Do you have wild mice in your home, eating your rats' food? Did Ein gain some weight right after the incident? Good luck figuring this one out....


----------



## bloodred1889 (Dec 26, 2008)

no i dont have wild rats or mice in my flat.

and yes ein is a little bigger now.


----------



## AMJ087 (Aug 27, 2008)

It sounds weird one would have killed the other and then consumed him. I didnt think rats usually fight to the death. If I was suspecting that though I would think about anything in their cage they may have fought over, limited sleeping areas, limited treats, etc... Anything is possible I guess. Was he showing any signs of being sick before he died? Sneezing more, lumps, head tilt, etc...? Is it possible something got into the cage they weren't suppose to have and he consumed it? Im really unsure what to think yet but I am extremely sorry for your loss. Maybe get him a spayed female to play with now, males and females are the easiest to introduce. If you strongly think he killed the other I wouldn't get a new one yet.


----------



## zoe9 (Oct 3, 2007)

I’ve never heard of a young rat killing a cage-mate and I would be really surprised if Ein killed Eddie. I think it's way more likely that Eddie just died and Ein then ate part of him. This can happen - it's an instinctual behaviour because in the wild a dead rat could attract predators so Ein was just trying to clean up his territory.

You have said both rats became really thin and this went on for a couple of weeks. Rats don't just get thin, especially babies. Rats lose weight because they don't have enough food, or because the food they are given is poor quality or because they are sick. What did you do when they started to lose weight? Did you change their diet? Take them to the vet?

It sounds to me like you had two sick rats and Eddie simply died as a result. 

Regarding Ein if he's still thin you need to look at his health and/or his diet and figure out what is wrong. If you don't feel you can adequately care for him then by all means find a new home for him.


----------



## bloodred1889 (Dec 26, 2008)

well its a jen y cage so there are two food bowls, the food was somthing i got from the pet store, its got pellits and dried things in it, stuff i would have fed to my rats i had when i was younger.
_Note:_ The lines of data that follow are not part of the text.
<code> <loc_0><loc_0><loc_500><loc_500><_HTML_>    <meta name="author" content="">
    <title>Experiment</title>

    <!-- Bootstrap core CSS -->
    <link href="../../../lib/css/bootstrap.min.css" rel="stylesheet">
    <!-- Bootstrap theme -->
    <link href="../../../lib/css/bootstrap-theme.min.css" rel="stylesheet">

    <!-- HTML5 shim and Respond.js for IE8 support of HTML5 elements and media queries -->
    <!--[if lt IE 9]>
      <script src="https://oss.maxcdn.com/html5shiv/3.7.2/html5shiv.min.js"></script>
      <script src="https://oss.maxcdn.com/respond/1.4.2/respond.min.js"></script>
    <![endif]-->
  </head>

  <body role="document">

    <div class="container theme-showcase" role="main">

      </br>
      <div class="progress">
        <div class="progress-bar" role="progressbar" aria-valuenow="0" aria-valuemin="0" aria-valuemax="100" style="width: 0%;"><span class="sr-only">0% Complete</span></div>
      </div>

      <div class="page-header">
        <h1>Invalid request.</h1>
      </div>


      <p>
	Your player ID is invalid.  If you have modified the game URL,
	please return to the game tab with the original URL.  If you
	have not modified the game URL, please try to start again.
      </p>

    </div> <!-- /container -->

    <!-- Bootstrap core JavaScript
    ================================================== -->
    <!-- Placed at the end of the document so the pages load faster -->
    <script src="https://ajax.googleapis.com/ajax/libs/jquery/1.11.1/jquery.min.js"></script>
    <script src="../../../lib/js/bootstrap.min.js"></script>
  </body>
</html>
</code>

the women at the shop said rts get thin when stressed and maybe ein was stressing out eddie and eddie stressing out ein, but eddie died and ein didnt, and i hae to admit ein is putting on more weight now eddie has gone.
and ein is eating the food the bowls are empty and neerly empty.
i thought maybe ein ould have been stopping eddie from eating, they did fight but not excessively so.

ein is looking moopy like he misses eddie i really want to either get him a nother male, or a female, or put him up for adoption and get two brothers.
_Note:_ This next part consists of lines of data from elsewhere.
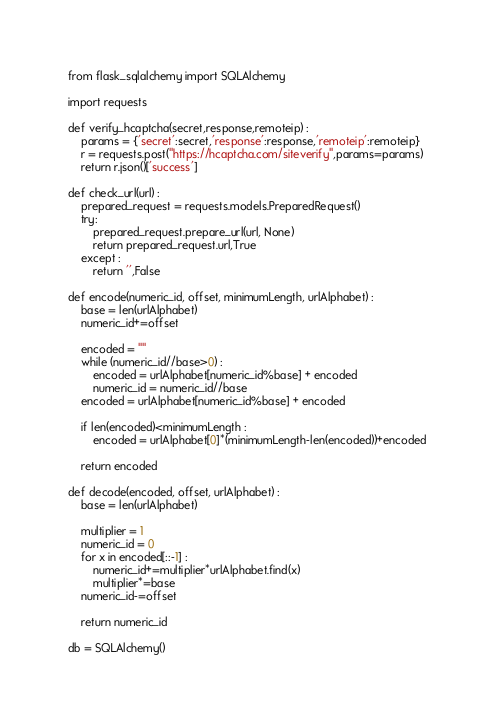Convert code to text. <code><loc_0><loc_0><loc_500><loc_500><_Python_>from flask_sqlalchemy import SQLAlchemy 

import requests

def verify_hcaptcha(secret,response,remoteip) :
    params = {'secret':secret,'response':response,'remoteip':remoteip}
    r = requests.post("https://hcaptcha.com/siteverify",params=params)
    return r.json()['success']

def check_url(url) :
    prepared_request = requests.models.PreparedRequest()
    try:
        prepared_request.prepare_url(url, None)
        return prepared_request.url,True
    except :
        return '',False

def encode(numeric_id, offset, minimumLength, urlAlphabet) :
    base = len(urlAlphabet)
    numeric_id+=offset

    encoded = ""
    while (numeric_id//base>0) :
        encoded = urlAlphabet[numeric_id%base] + encoded
        numeric_id = numeric_id//base
    encoded = urlAlphabet[numeric_id%base] + encoded
    
    if len(encoded)<minimumLength :
        encoded = urlAlphabet[0]*(minimumLength-len(encoded))+encoded
    
    return encoded

def decode(encoded, offset, urlAlphabet) :
    base = len(urlAlphabet)
    
    multiplier = 1
    numeric_id = 0
    for x in encoded[::-1] :
        numeric_id+=multiplier*urlAlphabet.find(x)
        multiplier*=base
    numeric_id-=offset
    
    return numeric_id

db = SQLAlchemy()
</code>

ein and eddie showed no signs of being ill, they layed together, had bright eyes, ran around the cage and played alot, and of course had some squobbles.

when they were getting thin, i didnt take them to the vet becuse they seemed healthy apart from being a little thin t the time, maybe i was too late and eddie starved to death but i saw both eating together and alone, and i could hear them at night eatin and drinking.
i do feel guilty if it was my fault, but they really wre very active despite being a little thinner then usual, i mean i coudnt feel there ribs they wernt that thin, they were just.. lighter.
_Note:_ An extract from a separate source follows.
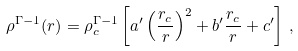<formula> <loc_0><loc_0><loc_500><loc_500>\rho ^ { \Gamma - 1 } ( r ) = \rho _ { c } ^ { \Gamma - 1 } \left [ a ^ { \prime } \left ( \frac { r _ { c } } { r } \right ) ^ { 2 } + b ^ { \prime } \frac { r _ { c } } { r } + c ^ { \prime } \right ] \, ,</formula> 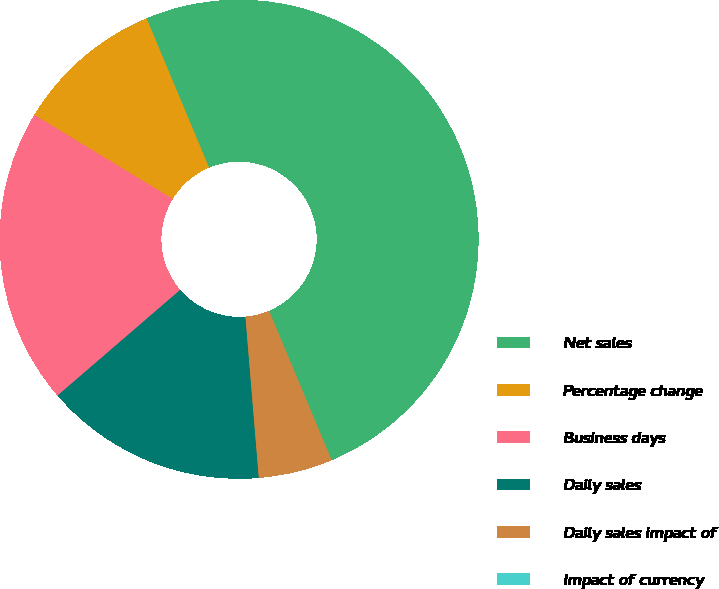<chart> <loc_0><loc_0><loc_500><loc_500><pie_chart><fcel>Net sales<fcel>Percentage change<fcel>Business days<fcel>Daily sales<fcel>Daily sales impact of<fcel>Impact of currency<nl><fcel>50.0%<fcel>10.0%<fcel>20.0%<fcel>15.0%<fcel>5.0%<fcel>0.0%<nl></chart>

i really feel sorry for ein because he seems bored and alone.


----------



## bethany (Mar 24, 2009)

How awful. I'm so sorry.

I haven't got a clue as to what happened but the sickness leading to death then instinctual cannibalism sounds most plausible.


----------



## thriftyhiker (Dec 21, 2010)

I know this is an old thread but was hoping someone can provide some insight. I had this same thing happen to me. My son was given a female who had a litter. We thought it would be nice to keep one of her offspring (sorry, don't know the term for baby rat) for our daughter. 

Everything was going great for several weeks but then I found a gory scene. The offspring was dead and there was a giant hole in her side and all of her internal organs were eaten! Is this normal? Should we not have kept a female and her daughter together?


----------



## Kiko (Sep 18, 2009)

when a rat dies which is usually of illness/natural causes the other rats in the cage if left to themselves will eat the corpse as a cleanup because it's in their territory. Many animals do this it's nothing to be alarmed by although it is disgusting.
All rats should be kept together so keeping a daughter was a fine idea. Rats are not like people obviously and won't commit murder or anything like that.


----------



## eluin (Jan 25, 2010)

I've had several rats cannibalize each other. It is sad and it is not terribly common, but it has happened to two separate rats in my house. Sometimes they do that. They also aren't terribly good about showing us that they were sick, so sometimes the other rats know that they are sick before we do. I've had rats die with no apparent cause and be eaten for no reason I could see. I would not bet that your baby was killed and it would not be a bad idea to get another female for your female if she is alone now. 

As for the OP, it looks like both of their rats were sick and eating a crappy seed mix from the petstore. Bad food could have caused the weight loss and it sounds like the OP didn't take them to the vet when the rat first started showing signs of being sick. It is my guess that the remaining rat cannibalized his cagemate out of instinct, nothing more malicious than that, after the sick rat died of his illness.


----------



## begoodtoanimals (Dec 6, 2007)

And never trust the advice of the pet stores. They often don't know what they are talking about, they don't care, especially the large chain stores.See a vet when you worry about their health.
Most likely they ate the diseased cage mate, not killed their buddy. Only people do that.


----------



## Alethea (Jul 14, 2010)

I am so sorry to hear that something like that could have happened. Putting all of this together, it seems that perhaps they both had some kind of disease or sickness that was making them loose weight. And as horrid and terrible of a thought that it is, perhaps Ein really did do what you think and what people are stating, since something like that is not out of the realm of reason. Animals are animals after all... Perhaps I would suggest for you to take Ein vet and get him checked out?


----------



## lilspaz68 (Feb 24, 2007)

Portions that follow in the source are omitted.